African Union leaders are holding an extraordinary summit Friday to discuss the continent's relationship with the court, with some leaders and diplomats pressing them to sever their ties.

Mr. Annan, who is from Ghana, spoke out Monday night as he delivered the annual Desmond Tutu peace lecture in Cape Town, South Africa. "If they fight the ICC, vote against the ICC, withdraw their cases, it will be a badge of shame for each and every one of them and for their countries," the former United Nations secretary said.

His speech came as 142 African human rights and activist groups also called upon the leaders to support the Hague-based court. "We believe any withdrawal from the ICC would send the wrong signal about Africa's commitment to protect and promote human rights and reject impunity," the organizations said in a letter to African Union foreign ministers Monday.
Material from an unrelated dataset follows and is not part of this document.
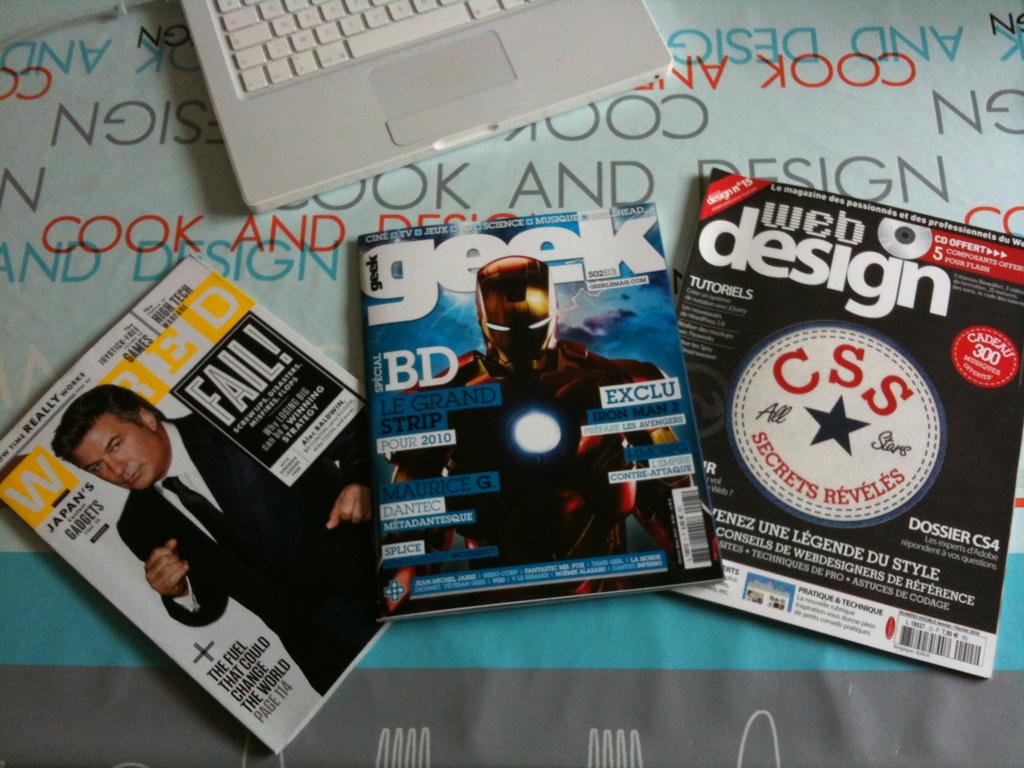What is the name of the magazine in the middle?
Your answer should be very brief. Geek. What magazine is on the right?
Offer a very short reply. Web design. 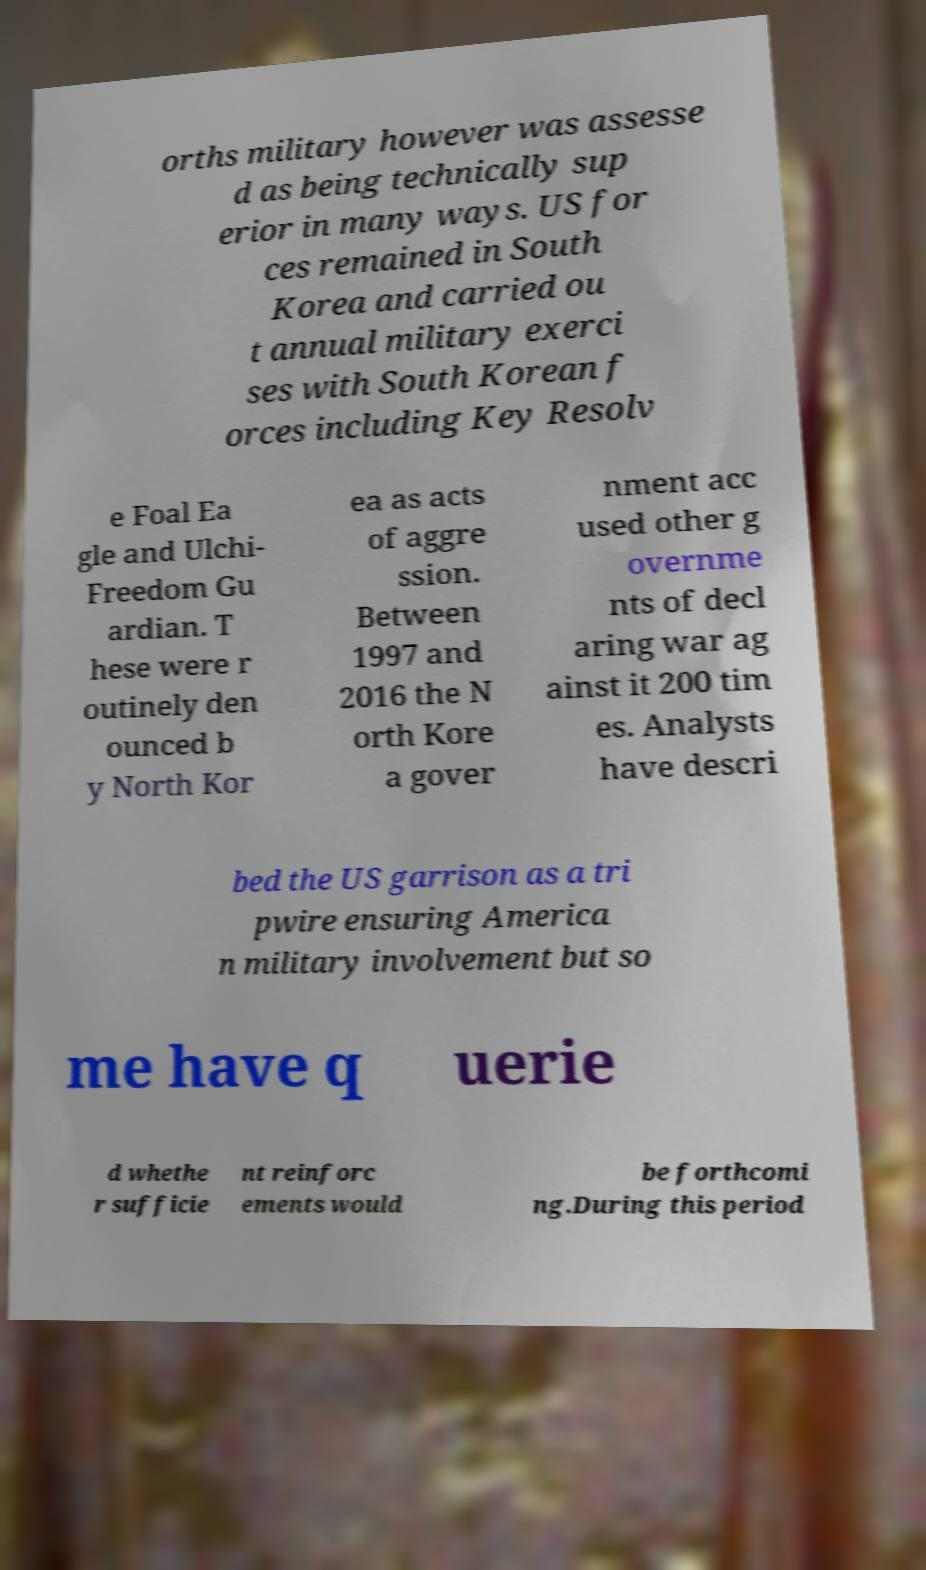Could you assist in decoding the text presented in this image and type it out clearly? orths military however was assesse d as being technically sup erior in many ways. US for ces remained in South Korea and carried ou t annual military exerci ses with South Korean f orces including Key Resolv e Foal Ea gle and Ulchi- Freedom Gu ardian. T hese were r outinely den ounced b y North Kor ea as acts of aggre ssion. Between 1997 and 2016 the N orth Kore a gover nment acc used other g overnme nts of decl aring war ag ainst it 200 tim es. Analysts have descri bed the US garrison as a tri pwire ensuring America n military involvement but so me have q uerie d whethe r sufficie nt reinforc ements would be forthcomi ng.During this period

The ICC is facing its toughest test with the trials of Kenyan President Uhuru Kenyatta and Deputy President William Ruto for crimes against humanity in the ethnic violence that followed a disputed 2007 election. Mr. Ruto is on trial now, and Mr. Kenyatta's trial is scheduled to begin next month.

Mr. Kenyatta and Mr. Ruto, elected in March despite the ICC indictments, have promised to cooperate with the court. But Kenya's Parliament has voted to withdraw from the court, and Kenyan politicians have pushed for other African nations to withdraw from it en masse, a move that could shred the ICC's credibility.

Mr. Annan said the court was a last resort after African governments failed to deliver justice for heinous crimes against humanity. And he rejected criticisms some have levied, notably in Kenya, that ICC trials could undermine peace and stability.

"On a continent that has experienced deadly conflict, gross violations of human rights, even genocide, I am surprised to hear critics ask whether the pursuit of justice might obstruct the search for peace," Mr. Annan said.

The ICC also has been accused of anti-African bias, with all its cases so far mounted against Africans. Prominent critics include Ugandan President Yoweri Museveni and Ethiopian Prime Minister Hailemariam Desalegn. Ethiopian Foreign Affairs spokesman Dina Mufti last week said the ICC cases against African leaders were politically motivated, and that an international court conflicts with the African Union principle of African solutions for African problems.